UK fiduciary manager hiring grinds to a near halt as uncertainty bites

UK flag MandateWire: Asset inflows into UK fiduciary management mandates dropped to a five-year low last year following the UK Competition and Markets Authority’s investigation into the fiduciary management and investment consultancy sector. According to MandateWire data, during the year ending June 30 2018, asset inflows into fiduciary management mandates decreased to just over £1bn, from the highs of almost £1.6bn recorded in the 12 months to June 30 2016. Only three pension schemes; the circa £315.8m University of Bristol and Assurance Scheme, the £600m IPC Media Pension Scheme, and the £100m National Farmers’ Union of England and Wales (NFU) Staff Pension Scheme, announced fiduciary management appointments during the year ending June 2018. MandateWire data support the findings of a recent KPMG UK fiduciary management survey, which revealed a reduction in the number of new mandates awarded to fiduciary managers.

Aussie supers and regulators slammed for failing members

Australia flag Ignites Asia: Australia’s superannuation fund industry and the regulators charged with overseeing it were slammed in a recently released government report for leaving members ill prepared for retirement. The Productivity Commission report laid out 31 recommendations for a range of concerns, including poor performance, high and unnecessary fees, lack of transparency, overabundance of products, weak competition, proliferation of unnecessary accounts, unjustified insurance premiums, and regulators doing a poor job of protecting members. Members who have paid into their super funds for decades are paying a high price, but tackling two areas in particular – entrenched underperformers and unintended multiple accounts – could make a massive difference for millions who are getting short-changed. One-third of accounts are unintended multiple accounts that cost members A$2.6bn (£1.5bn) a year in needless fees and insurance.

Pension scam cold callers face fines of up to £500,000

UK flag FT: Companies that make cold calls to people about their pensions face fines of up to £500,000 under new rules that came into force on Wednesday. The cold-calling ban is designed to prevent fraudsters conning savers out of their pensions, and companies making illegal pension cold calls will be subject to enforcement action and fines. According to the Financial Conduct Authority, victims of scammers lost an average of £91,000 last year, with cold calling a common tactic to contact people. The risk of savers losing their pension pots to scammers has risen since the introduction of freedom and choice reforms in 2015. The government said the ban would not prevent companies – such as businesses authorised by the FCA, and pension funds – from making pension-related calls if the recipient has consented to calls or has an existing relationship with the caller.
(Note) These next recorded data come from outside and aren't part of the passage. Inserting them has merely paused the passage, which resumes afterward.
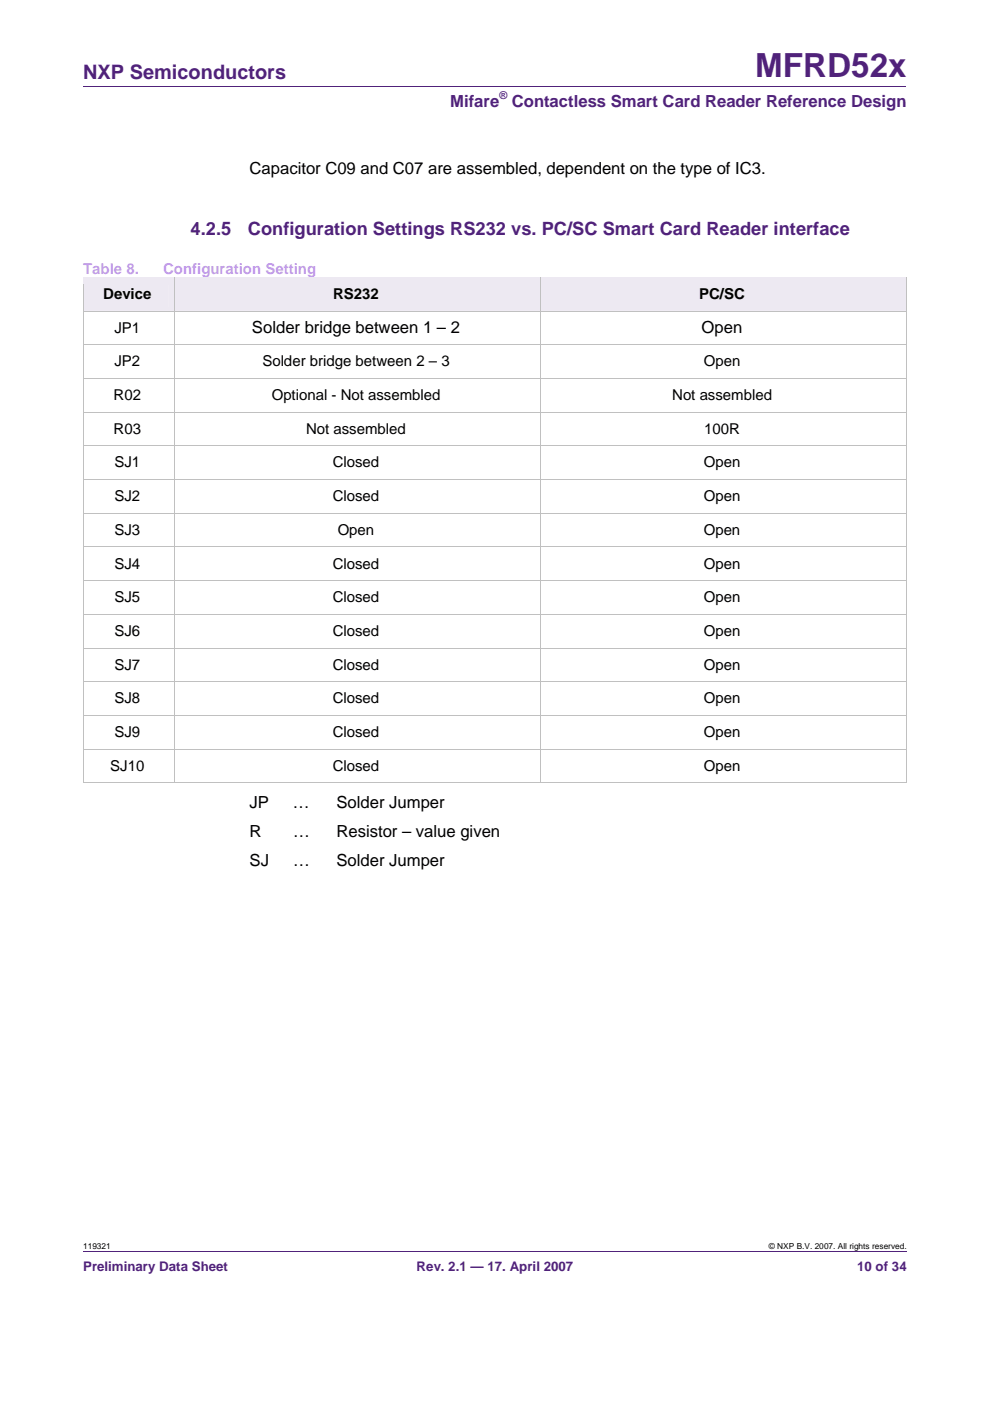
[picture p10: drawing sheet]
<svg xmlns="http://www.w3.org/2000/svg" width="210mm" height="297mm" viewBox="0 0 210 297" stroke-linecap="round" stroke-linejoin="round" font-family="sans-serif">
<defs><g id="words">
<text font-size="7" fill="#50227a" x="160.1" y="16.3">MFRD52x</text>
<text font-size="4.2" fill="#50227a" x="17.6" y="16.7">NXP Semiconductors</text>
<g font-size="3.9" fill="#50227a">
<text x="40.4" y="49.7">4.2.5</text>
<text x="52.5" y="49.7">Configuration Settings RS232 vs. PC/SC Smart Card Reader interface</text>
</g>
<g font-size="3.5" fill="#50227a">
<text x="95.5" y="22.6">Mifare</text>
<text x="108.5" y="22.6">Contactless Smart Card Reader Reference Design</text>
</g>
<g font-size="3.5">
<text x="52.9" y="36.9">Capacitor C09 and C07 are assembled, dependent on the type of IC3.</text>
<text x="53.4" y="70.6">Solder bridge between 1 – 2</text>
<text x="148.8" y="70.6">Open</text>
<text x="52.9" y="171.3">JP</text>
<text x="62.1" y="171.3">…</text>
<text x="71.3" y="171.3">Solder Jumper</text>
<text x="52.9" y="177.5">R</text>
<text x="62.1" y="177.5">…</text>
<text x="71.3" y="177.5">Resistor – value given</text>
<text x="52.9" y="183.6">SJ</text>
<text x="62.1" y="183.6">…</text>
<text x="71.4" y="183.6">Solder Jumper</text>
</g>
<g font-size="3.2" fill="#cc9aff">
<text x="17.6" y="58">Table 8.</text>
<text x="34.6" y="58">Configuration Setting</text>
</g>
<g font-size="3.2">
<text x="21.9" y="63.4">Device</text>
<text x="70.6" y="63.4">RS232</text>
<text x="148.3" y="63.4">PC/SC</text>
<text x="24.3" y="70.5">JP1</text>
<text x="24.3" y="77.7">JP2</text>
<text x="55.6" y="77.7">Solder bridge between 2 – 3</text>
<text x="149.2" y="77.7">Open</text>
<text x="24.1" y="84.8">R02</text>
<text x="57.6" y="84.8">Optional - Not assembled</text>
<text x="142.5" y="84.8">Not assembled</text>
<text x="24.1" y="92">R03</text>
<text x="64.9" y="92">Not assembled</text>
<text x="149.3" y="92">100R</text>
<text x="24.3" y="99.1">SJ1</text>
<text x="70.5" y="99.1">Closed</text>
<text x="149.2" y="99.1">Open</text>
<text x="24.3" y="106.3">SJ2</text>
<text x="70.5" y="106.3">Closed</text>
<text x="149.2" y="106.3">Open</text>
<text x="24.3" y="113.4">SJ3</text>
<text x="71.6" y="113.4">Open</text>
<text x="149.2" y="113.4">Open</text>
<text x="24.3" y="120.5">SJ4</text>
<text x="70.5" y="120.5">Closed</text>
<text x="149.2" y="120.5">Open</text>
<text x="24.3" y="127.7">SJ5</text>
<text x="70.5" y="127.7">Closed</text>
<text x="149.2" y="127.7">Open</text>
<text x="24.3" y="134.8">SJ6</text>
<text x="70.5" y="134.8">Closed</text>
<text x="149.2" y="134.8">Open</text>
<text x="24.3" y="142">SJ7</text>
<text x="70.5" y="142">Closed</text>
<text x="149.2" y="142">Open</text>
<text x="24.3" y="149.1">SJ8</text>
<text x="70.5" y="149.1">Closed</text>
<text x="149.2" y="149.1">Open</text>
<text x="24.3" y="156.3">SJ9</text>
<text x="70.5" y="156.3">Closed</text>
<text x="149.2" y="156.3">Open</text>
<text x="23.4" y="163.4">SJ10</text>
<text x="70.5" y="163.4">Closed</text>
<text x="149.2" y="163.4">Open</text>
</g>
<g font-size="2.8" fill="#50227a">
<text x="17.6" y="269.6">Preliminary Data Sheet</text>
<text x="88.3" y="269.6">Rev. 2.1 — 17. April 2007</text>
<text x="181.7" y="269.6">10 of 34</text>
</g>
<text font-size="2.3" fill="#50227a" x="105.9" y="20.9">®</text>
<g font-size="1.8">
<text x="17.6" y="264.8">119321</text>
<text x="163" y="264.8">© NXP B.V. 2007. All rights reserved.</text>
</g>
</g></defs>
<path d="M17.6 18.4h174.5M17.6 265.3h174.5" fill="none" stroke="#50227a" stroke-width=".21"/>
<g fill="#ede9f2">
<path d="M17.7 58.9h19.3v7h-19.3z"/>
<path d="M18.4 60.3h17.2v4.9h-17.2z"/>
<path d="M37.1 58.9h77.5v7h-77.5z"/>
<path d="M37.7 60.3h75.5v4.9h-75.5z"/>
<path d="M114.7 58.9h77.5v7h-77.5z"/>
<path d="M115.4 60.3h75.5v4.9h-75.5z"/>
</g>
<path d="M17.6 58.8l.1 1.5z" fill="#c0c0c0"/>
<path d="M17.6 58.8h19.4" fill="none" stroke="#c0c0c0" stroke-width=".21"/>
<path d="M17.7 58.9h19.3v1.4h-19.3z" fill="#ede9f2"/>
<path d="M37 58.8l.1 1.5z" fill="#c0c0c0"/>
<path d="M37.1 58.8h77.5" fill="none" stroke="#c0c0c0" stroke-width=".21"/>
<path d="M37.1 58.9h77.5v1.4h-77.5z" fill="#ede9f2"/>
<path d="M114.6 58.8l.1 1.5z" fill="#c0c0c0"/>
<path d="M114.7 58.8h77.5" fill="none" stroke="#c0c0c0" stroke-width=".21"/>
<path d="M114.7 58.9h77.5v1.4h-77.5z" fill="#ede9f2"/>
<g fill="#c0c0c0">
<path d="M192.2 58.8l.1 1.5z"/>
<path d="M192.2 58.8l.1 .1z"/>
</g>
<path d="M17.6 60.3v5.6M37 60.3v5.6M114.7 60.3v5.6M192.3 60.3v5.6" fill="none" stroke="#c0c0c0" stroke-width=".21"/>
<path d="M17.6 65.9l.1 1.5z" fill="#c0c0c0"/>
<path d="M17.7 66h19.3" fill="none" stroke="#c0c0c0" stroke-width=".21"/>
<path d="M37 65.9l.1 1.5z" fill="#c0c0c0"/>
<path d="M37.1 66h77.5" fill="none" stroke="#c0c0c0" stroke-width=".21"/>
<path d="M114.6 65.9l.1 1.5z" fill="#c0c0c0"/>
<path d="M114.7 66h77.5" fill="none" stroke="#c0c0c0" stroke-width=".21"/>
<path d="M192.2 65.9l.1 1.5z" fill="#c0c0c0"/>
<path d="M17.6 67.4v5.7M37 67.4v5.7M114.7 67.4v5.7M192.3 67.4v5.7" fill="none" stroke="#c0c0c0" stroke-width=".21"/>
<path d="M17.6 73.1l.1 1.5z" fill="#c0c0c0"/>
<path d="M17.7 73.1h19.3" fill="none" stroke="#c0c0c0" stroke-width=".21"/>
<path d="M37 73.1l.1 1.5z" fill="#c0c0c0"/>
<path d="M37.1 73.1h77.5" fill="none" stroke="#c0c0c0" stroke-width=".21"/>
<path d="M114.6 73.1l.1 1.5z" fill="#c0c0c0"/>
<path d="M114.7 73.1h77.5" fill="none" stroke="#c0c0c0" stroke-width=".21"/>
<path d="M192.2 73.1l.1 1.5z" fill="#c0c0c0"/>
<path d="M17.6 74.6v5.6M37 74.6v5.6M114.7 74.6v5.6M192.3 74.6v5.6" fill="none" stroke="#c0c0c0" stroke-width=".21"/>
<path d="M17.6 80.2l.1 1.5z" fill="#c0c0c0"/>
<path d="M17.7 80.2h19.3" fill="none" stroke="#c0c0c0" stroke-width=".21"/>
<path d="M37 80.2l.1 1.5z" fill="#c0c0c0"/>
<path d="M37.1 80.2h77.5" fill="none" stroke="#c0c0c0" stroke-width=".21"/>
<path d="M114.6 80.2l.1 1.5z" fill="#c0c0c0"/>
<path d="M114.7 80.2h77.5" fill="none" stroke="#c0c0c0" stroke-width=".21"/>
<path d="M192.2 80.2l.1 1.5z" fill="#c0c0c0"/>
<path d="M17.6 81.7v5.7M37 81.7v5.7M114.7 81.7v5.7M192.3 81.7v5.7" fill="none" stroke="#c0c0c0" stroke-width=".21"/>
<path d="M17.6 87.4l.1 1.5z" fill="#c0c0c0"/>
<path d="M17.7 87.4h19.3" fill="none" stroke="#c0c0c0" stroke-width=".21"/>
<path d="M37 87.4l.1 1.5z" fill="#c0c0c0"/>
<path d="M37.1 87.4h77.5" fill="none" stroke="#c0c0c0" stroke-width=".21"/>
<path d="M114.6 87.4l.1 1.5z" fill="#c0c0c0"/>
<path d="M114.7 87.4h77.5" fill="none" stroke="#c0c0c0" stroke-width=".21"/>
<path d="M192.2 87.4l.1 1.5z" fill="#c0c0c0"/>
<path d="M17.6 88.9v5.6M37 88.9v5.6M114.7 88.9v5.6M192.3 88.9v5.6" fill="none" stroke="#c0c0c0" stroke-width=".21"/>
<path d="M17.6 94.5l.1 1.5z" fill="#c0c0c0"/>
<path d="M17.7 94.5h19.3" fill="none" stroke="#c0c0c0" stroke-width=".21"/>
<path d="M37 94.5l.1 1.5z" fill="#c0c0c0"/>
<path d="M37.1 94.5h77.5" fill="none" stroke="#c0c0c0" stroke-width=".21"/>
<path d="M114.6 94.5l.1 1.5z" fill="#c0c0c0"/>
<path d="M114.7 94.5h77.5" fill="none" stroke="#c0c0c0" stroke-width=".21"/>
<path d="M192.2 94.5l.1 1.5z" fill="#c0c0c0"/>
<path d="M17.6 96v5.6M37 96v5.6M114.7 96v5.6M192.3 96v5.6" fill="none" stroke="#c0c0c0" stroke-width=".21"/>
<path d="M17.6 101.6l.1 1.5z" fill="#c0c0c0"/>
<path d="M17.7 101.7h19.3" fill="none" stroke="#c0c0c0" stroke-width=".21"/>
<path d="M37 101.6l.1 1.5z" fill="#c0c0c0"/>
<path d="M37.1 101.7h77.5" fill="none" stroke="#c0c0c0" stroke-width=".21"/>
<path d="M114.6 101.6l.1 1.5z" fill="#c0c0c0"/>
<path d="M114.7 101.7h77.5" fill="none" stroke="#c0c0c0" stroke-width=".21"/>
<path d="M192.2 101.6l.1 1.5z" fill="#c0c0c0"/>
<path d="M17.6 103.1v5.7M37 103.1v5.7M114.7 103.1v5.7M192.3 103.1v5.7" fill="none" stroke="#c0c0c0" stroke-width=".21"/>
<path d="M17.6 108.8l.1 1.5z" fill="#c0c0c0"/>
<path d="M17.7 108.8h19.3" fill="none" stroke="#c0c0c0" stroke-width=".21"/>
<path d="M37 108.8l.1 1.5z" fill="#c0c0c0"/>
<path d="M37.1 108.8h77.5" fill="none" stroke="#c0c0c0" stroke-width=".21"/>
<path d="M114.6 108.8l.1 1.5z" fill="#c0c0c0"/>
<path d="M114.7 108.8h77.5" fill="none" stroke="#c0c0c0" stroke-width=".21"/>
<path d="M192.2 108.8l.1 1.5z" fill="#c0c0c0"/>
<path d="M17.6 110.3v5.6M37 110.3v5.6M114.7 110.3v5.6M192.3 110.3v5.6" fill="none" stroke="#c0c0c0" stroke-width=".21"/>
<path d="M17.6 115.9l.1 1.5z" fill="#c0c0c0"/>
<path d="M17.7 116h19.3" fill="none" stroke="#c0c0c0" stroke-width=".21"/>
<path d="M37 115.9l.1 1.5z" fill="#c0c0c0"/>
<path d="M37.1 116h77.5" fill="none" stroke="#c0c0c0" stroke-width=".21"/>
<path d="M114.6 115.9l.1 1.5z" fill="#c0c0c0"/>
<path d="M114.7 116h77.5" fill="none" stroke="#c0c0c0" stroke-width=".21"/>
<path d="M192.2 115.9l.1 1.5z" fill="#c0c0c0"/>
<path d="M17.6 117.4v5.7M37 117.4v5.7M114.7 117.4v5.7M192.3 117.4v5.7" fill="none" stroke="#c0c0c0" stroke-width=".21"/>
<path d="M17.6 123.1l.1 1.5z" fill="#c0c0c0"/>
<path d="M17.7 123.1h19.3" fill="none" stroke="#c0c0c0" stroke-width=".21"/>
<path d="M37 123.1l.1 1.5z" fill="#c0c0c0"/>
<path d="M37.1 123.1h77.5" fill="none" stroke="#c0c0c0" stroke-width=".21"/>
<path d="M114.6 123.1l.1 1.5z" fill="#c0c0c0"/>
<path d="M114.7 123.1h77.5" fill="none" stroke="#c0c0c0" stroke-width=".21"/>
<path d="M192.2 123.1l.1 1.5z" fill="#c0c0c0"/>
<path d="M17.6 124.6v5.6M37 124.6v5.6M114.7 124.6v5.6M192.3 124.6v5.6" fill="none" stroke="#c0c0c0" stroke-width=".21"/>
<path d="M17.6 130.2l.1 1.5z" fill="#c0c0c0"/>
<path d="M17.7 130.3h19.3" fill="none" stroke="#c0c0c0" stroke-width=".21"/>
<path d="M37 130.2l.1 1.5z" fill="#c0c0c0"/>
<path d="M37.1 130.3h77.5" fill="none" stroke="#c0c0c0" stroke-width=".21"/>
<path d="M114.6 130.2l.1 1.5z" fill="#c0c0c0"/>
<path d="M114.7 130.3h77.5" fill="none" stroke="#c0c0c0" stroke-width=".21"/>
<path d="M192.2 130.2l.1 1.5z" fill="#c0c0c0"/>
<path d="M17.6 131.7v5.7M37 131.7v5.7M114.7 131.7v5.7M192.3 131.7v5.7" fill="none" stroke="#c0c0c0" stroke-width=".21"/>
<path d="M17.6 137.4l.1 1.5z" fill="#c0c0c0"/>
<path d="M17.7 137.4h19.3" fill="none" stroke="#c0c0c0" stroke-width=".21"/>
<path d="M37 137.4l.1 1.5z" fill="#c0c0c0"/>
<path d="M37.1 137.4h77.5" fill="none" stroke="#c0c0c0" stroke-width=".21"/>
<path d="M114.6 137.4l.1 1.5z" fill="#c0c0c0"/>
<path d="M114.7 137.4h77.5" fill="none" stroke="#c0c0c0" stroke-width=".21"/>
<path d="M192.2 137.4l.1 1.5z" fill="#c0c0c0"/>
<path d="M17.6 138.9v5.6M37 138.9v5.6M114.7 138.9v5.6M192.3 138.9v5.6" fill="none" stroke="#c0c0c0" stroke-width=".21"/>
<path d="M17.6 144.5l.1 1.5z" fill="#c0c0c0"/>
<path d="M17.7 144.5h19.3" fill="none" stroke="#c0c0c0" stroke-width=".21"/>
<path d="M37 144.5l.1 1.5z" fill="#c0c0c0"/>
<path d="M37.1 144.5h77.5" fill="none" stroke="#c0c0c0" stroke-width=".21"/>
<path d="M114.6 144.5l.1 1.5z" fill="#c0c0c0"/>
<path d="M114.7 144.5h77.5" fill="none" stroke="#c0c0c0" stroke-width=".21"/>
<path d="M192.2 144.5l.1 1.5z" fill="#c0c0c0"/>
<path d="M17.6 146v5.6M37 146v5.6M114.7 146v5.6M192.3 146v5.6" fill="none" stroke="#c0c0c0" stroke-width=".21"/>
<path d="M17.6 151.6l.1 1.5z" fill="#c0c0c0"/>
<path d="M17.7 151.7h19.3" fill="none" stroke="#c0c0c0" stroke-width=".21"/>
<path d="M37 151.6l.1 1.5z" fill="#c0c0c0"/>
<path d="M37.1 151.7h77.5" fill="none" stroke="#c0c0c0" stroke-width=".21"/>
<path d="M114.6 151.6l.1 1.5z" fill="#c0c0c0"/>
<path d="M114.7 151.7h77.5" fill="none" stroke="#c0c0c0" stroke-width=".21"/>
<path d="M192.2 151.6l.1 1.5z" fill="#c0c0c0"/>
<path d="M17.6 153.1v5.7M37 153.1v5.7M114.7 153.1v5.7M192.3 153.1v5.7" fill="none" stroke="#c0c0c0" stroke-width=".21"/>
<path d="M17.6 158.8l.1 1.5z" fill="#c0c0c0"/>
<path d="M17.7 158.8h19.3" fill="none" stroke="#c0c0c0" stroke-width=".21"/>
<path d="M37 158.8l.1 1.5z" fill="#c0c0c0"/>
<path d="M37.1 158.8h77.5" fill="none" stroke="#c0c0c0" stroke-width=".21"/>
<path d="M114.6 158.8l.1 1.5z" fill="#c0c0c0"/>
<path d="M114.7 158.8h77.5" fill="none" stroke="#c0c0c0" stroke-width=".21"/>
<path d="M192.2 158.8l.1 1.5z" fill="#c0c0c0"/>
<path d="M17.6 166h19.4M17.6 160.3v5.7M37 160.3v5.7M37.1 166h77.5M114.7 160.3v5.7M114.7 166h77.5M192.3 160.3v5.7" fill="none" stroke="#c0c0c0" stroke-width=".21"/>
<path d="M192.2 165.9l.1 .1z" fill="#c0c0c0"/>
<use href="#words"/>
</svg>

Korea's NPS sets up stewardship division and enacts code

South Korean flag Ignites Asia: After setting up a new department dedicated to fulfilling its stewardship responsibilities in late December, South Korea’s National Pension Service will actively exercise the code for the first time, according to local reports. The global responsibility and governance division, which currently comprises nine members from the responsible investment team, will help strengthen the role the NPS plays in improving corporate governance in hundreds of local companies. The new division, which is led by Sung-Jae Choi, will consist of about 30 executives once it is fully staffed. The NPS made the move to adopt the stewardship code in July 2018, after it was introduced by South Korea’s Corporate Governance Service in late 2016. Doing so has given the country’s largest institutional investor greater impetus to exercise its rights in dismissing and selecting board members of companies that it invests in.